We know that the sum of $n$ terms is given by ${{S}_{n}}=\dfrac{n}{2}\left( 2a+(n-1)d \right)$ , where $a$ is the first term of the A.P. , $n$ is the number of terms and $d$ is the common difference.
Therefore, ${{S}_{7}}=\dfrac{7}{2}\left( 2a+(7-1)d \right)=63$
Simplifying the above equation, we get
$\dfrac{7}{2}\left( 2a+6d \right)=63$
Taking 2 common from numerator of the LHS, we get
$63=\dfrac{7}{2}\times 2\left( a+3d \right)$
By simplifying the above equation we get
$a+3d=9...(i)$
Now, it is given that the sum of the next $7$ terms is $161$.
So, \[\text{sum of the first }14\text{ }\!\!~\!\!\text{ terms = sum of first }7\text{ terms + sum of next }7\text{ terms}\]

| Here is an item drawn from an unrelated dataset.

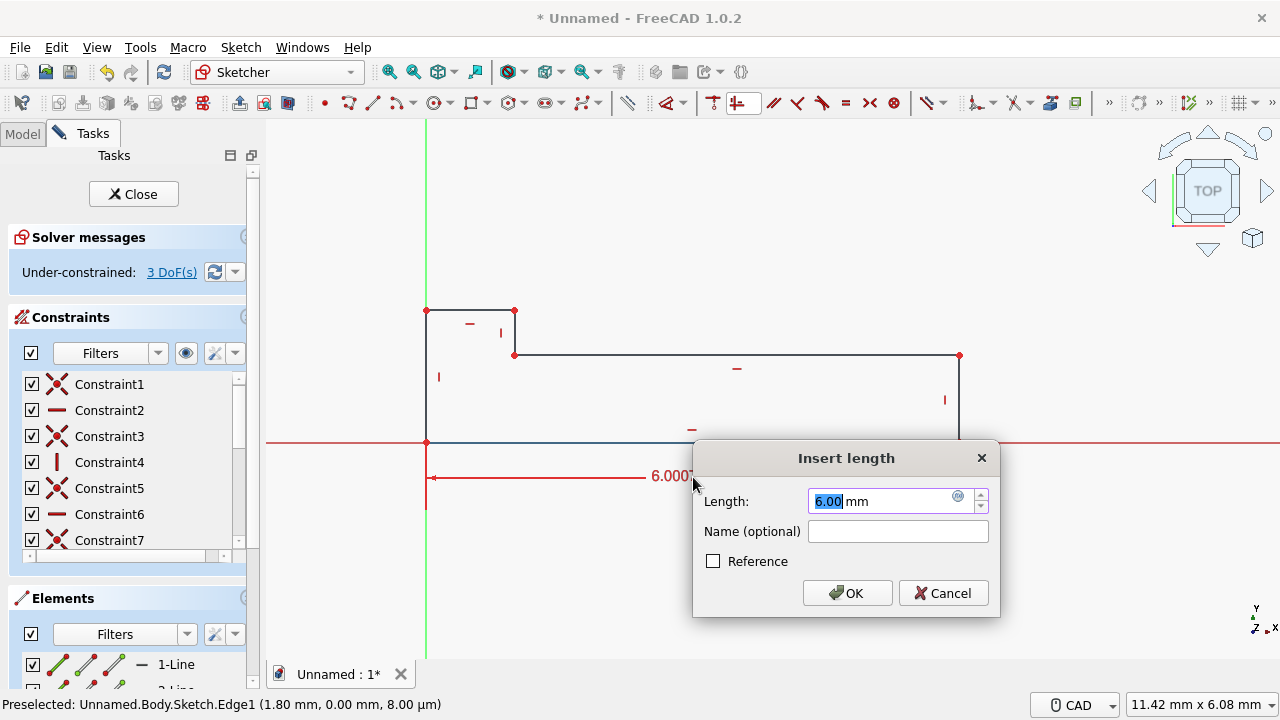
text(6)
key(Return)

i.e ${{S}_{14}}=63+161=224$
Now using the formula, ${{S}_{n}}=\dfrac{n}{2}\left( 2a+(n-1)d \right)$ , we get
${{S}_{14}}=\dfrac{14}{2}\left( 2a+(14-1)d \right)=224$
$\Rightarrow 7\left( 2a+13d \right)=224$
Collecting constant terms on one side, we get
$2a+13d=\dfrac{224}{7}$
$2a+13d=32...(ii)$
Now let us solve the equations $(i)$ and $(ii)$ .
From $(i)$ , we can get
$a=9-3d...(iii)$
Now, substitute the value of $a$ in equation $(ii)$ .
$2(9-3d)+13d=32$
By solving, we get
$18-6d+13d=32$
$\Rightarrow 18+7d=32$
Collecting the constant terms to one side, we get
$7d=32-18$
$\Rightarrow 7d=14$
$\Rightarrow d=2$
Now substitute the value of $d$ in equation $(iii)$ , we get
$a=9-3\times 2=9-6$
$\Rightarrow a=3$
Now we have to find the ${{28}^{th}}$ term. For this, we know that ${{a}_{n}}=a+(n-1)d$ .
Let us substitute the values of $a,d$ and $n$ , where $n=28$ .
Therefore, ${{a}_{28}}=3+(28-1)2$
By solving, we will get
${{a}_{28}}=3+27\times 2$
$\Rightarrow {{a}_{28}}=3+54$
$\Rightarrow {{a}_{28}}=57$
Hence the ${{28}^{th}}$ term of the A.P. is $57$ .


Note:
 This is the normal procedure to the questions of this type. Whenever a term of an A.P. is to be found, we will be using the formula ${{a}_{n}}=a+(n-1)d$ . The values for $a$ and $d$ can be obtained from the given data. The two equations can also be solved by the elimination method.